According to a Wednesday report published by the Asia Maritime Transparency Initiative (AMTI), a think tank run by the Center for Strategic and International Studies, Beijing recently began dispatching vessels from the Subi Reef, which lies roughly 12 nautical miles from Thitu.
On December 3, 2018, with construction days away from beginning on Thitu, China deployed at least 24 vessels to the disputed island, the report notes. Construction had previously been halted due to poor weather and rough seas.
For the remainder of the month, and going into January 2019, the size of the Chinese fleet, composed of vessels with the People's Liberation Army-Navy, China's Coast Guard and various fishing ships, fluctuated as they stationed themselves near the contested island as construction commenced.
"The fishing boats have mostly been anchored between 2 and 5.5 nautical miles west of Thitu, while the naval and coast guard ships operate slightly farther away to the south and west," the report explains.
"This deployment is consistent with prior examples of China's ‘cabbage strategy,' which employs concentric layers of fishing, law enforcement and naval vessels around contested areas."
On December 20, 2018, satellite imagery showed 95 Chinese vessels near the island, before many were recalled, leaving the overall tally at 42 ships by January 26, 2019. Two of the vessels spotted during December 20 observations were identified by AMTI as a PLAN Type 053H1G frigate and a CCG Type 818 cutter.
"The drop in the number of government vessels, mirroring the reduction of the militia presence, suggests Chinese forces have settled into a pattern of monitoring and intimidation after their initial large deployment failed to convince Manila to halt construction," the report concluded.
According to the Philippine Star, "Chinese coast guard vessels and militia fishing boats" have also been spotted near Sandy Cay, a shoal located some 2.5 nautical miles from Thitu Island. Also known as Pag-asa Island, it is claimed by the Philippines, China, Taiwan and Vietnam and is the second largest of the Spratly Islands.
The Philippine government's plan to build a beaching ramp on Thitu to allow Filipino ships to better transport repair materials and to lengthen the island's runway to accommodate larger planes was initially announced in April 2017.
Earlier this week, the AMTI report was criticized by Philippine Defense Secretary Delfin Lorenzana over its claims that ongoing construction efforts would also include land reclamation, the Manila Bulletin reported.
"As of now, only the beaching ramp is being undertaken. Next is the concreting of the runway. The third phase is the lengthening of the runway, which will entail the reclamation of about 300 meters," Lorenzana explained to reporters on Thursday.
"Reclamation means there is land before, and you are reclaiming the land back. Since there is no land, but the water, we call it filling up the space with stones, gravel and soil."
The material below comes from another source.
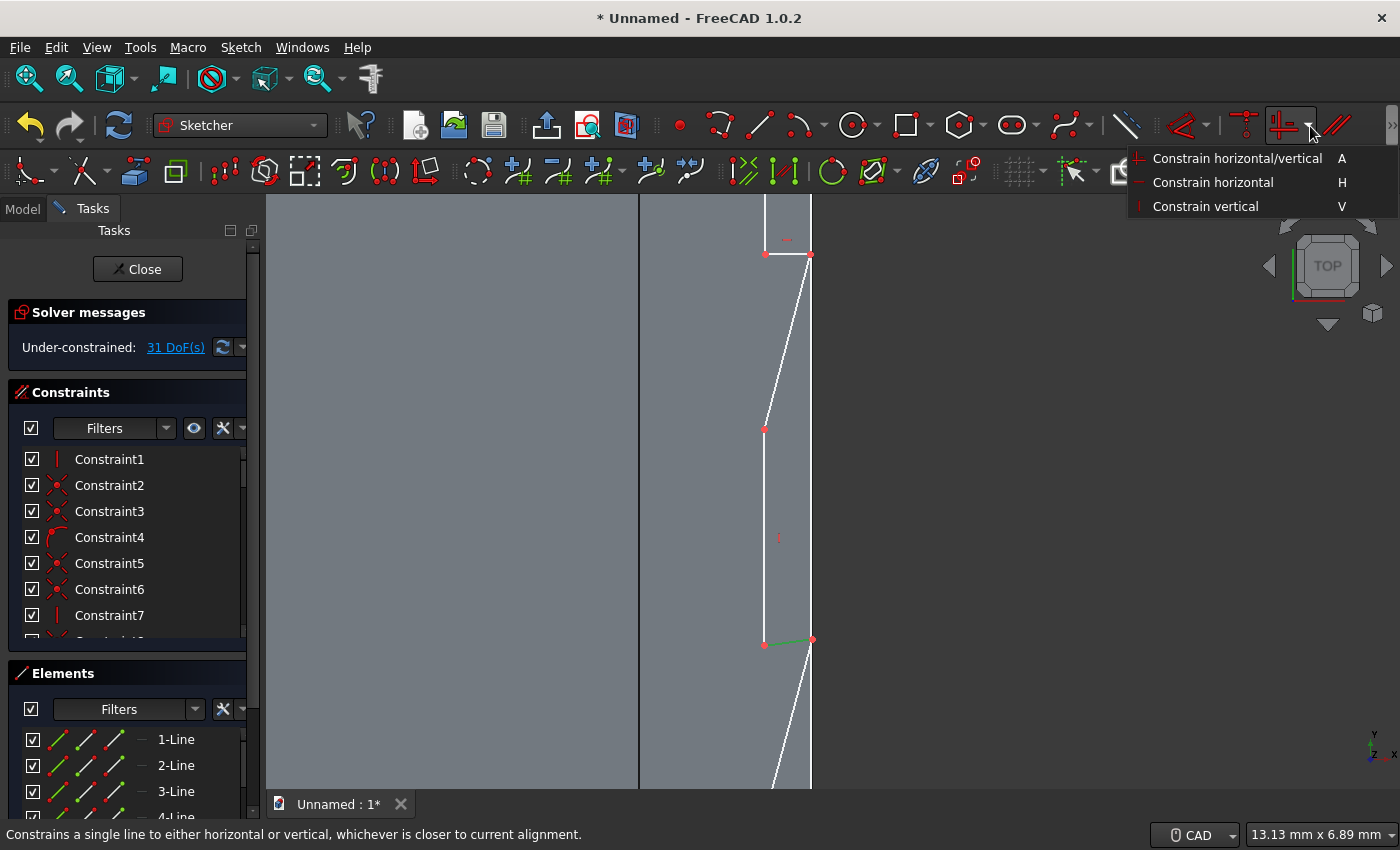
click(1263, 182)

"Having undergone careful planning and consideration, with full respect to international law and rules-based order governing civilized states, implementing these improvements is a legitimate undertaking and well within our rights as a sovereign nation," Lorenzana said in the statement.
The Philippine Star reported that aside from the focus on the runway, the government will also be working on constructing better barracks for soldiers, sewage disposal systems, storage facilities for fishermen and lighthouses, among other projects.